Lauren Geoghegan and Jay Austin were young D.C. professionals in the summer of 2017 when they set off for a bike ride around the world. A year later, they were biking on the Pamir Highway in Tajikistan, which runs through the "roof of the world" mountain system of Central Asia. This provides the otherworldly backdrop to the deaths of multiple cyclists not from the brutal elements but from a group of ISIS-backed radicals in a car, seeking the attention that would come from killing a young American couple. In Evil on the Roof of the World, author and cyclist Hazelgrove takes readers on Geoghegan and Austin's arduous journey, including the injuries, repairs, and nights searching for a place to sleep. He looks at why each would give up a well-paying job for an ascetic life on the road. Through interviews with friends and the cyclists' own trip writings, Hazelgrove presents a generous picture of a couple in search of something bigger than the everyday, who became victims of an ideological war. Fans of Jon Krakauer's classic Into the Wild (1996) will appreciate this story of searching humanity.

From Booklist, Copyright (c) American Library Association. Used with permission.
Review by Publisher's Weekly Review

Novelist and historian Hazelgrove (Hemingway's Attic) recounts the fate of American cyclists Lauren Geoghegan and Jay Austin, who were slain by terrorists in Tajikistan in 2018, in this chilling true crime tale. Drawing from the couple's blog and interviews with their friends and family, Hazelgrove portrays Jay as a charismatic idealist who convinced Lauren to give up her job to follow him on a four-year bike trip around the globe, beginning in South Africa and ending in South America. In Africa, they faced charging elephants, flies, and malaria; in Europe, they dealt with suspicious officials and a few gnarly crashes. Still, they pushed forward for two years, winding up in Central Asia's Pamir Mountains (nicknamed the "Roof of the World").
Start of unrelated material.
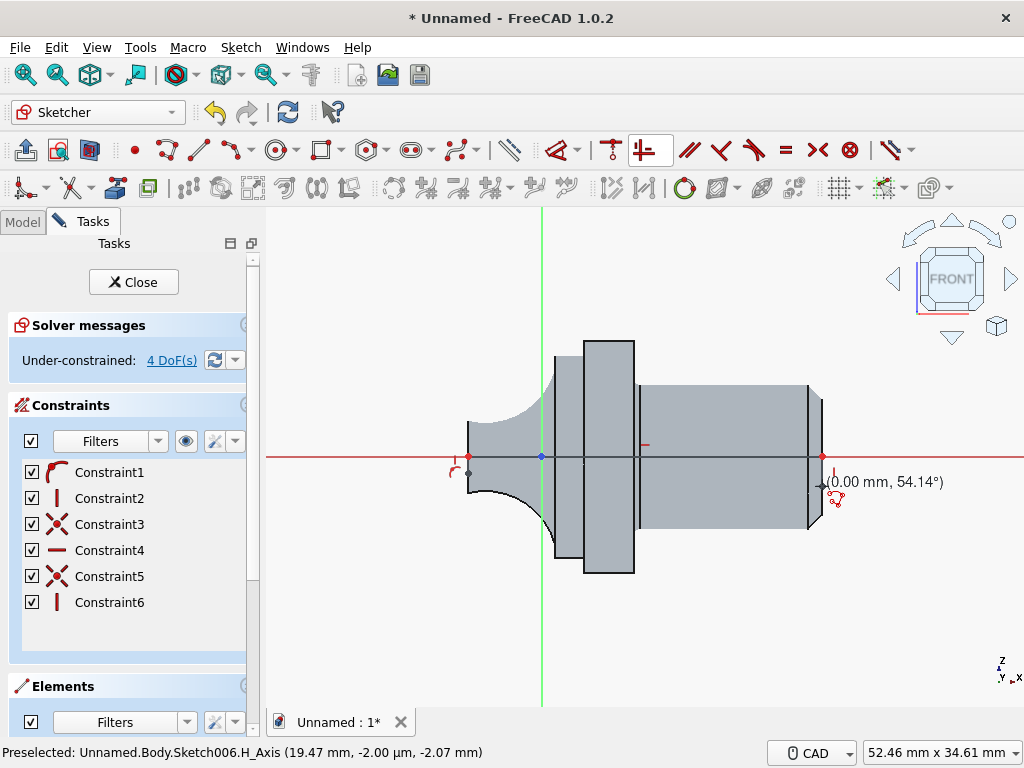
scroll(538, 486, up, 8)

In Tajikistan, a group of young men radicalized by ISIS stalked and ambushed the couple after encountering them on a highway; four were then killed by local police, while the ringleader died in an American prison. Hazelgrove's prose is utilitarian ("Jay and Lauren ride on into Botswana, which proves to be flat, arid, wild, and hot"), letting the facts of the case carry the narrative forward. For the most part, the approach pays off, lending the account an unsettling air. Readers will be aghast. Photos. (Nov.)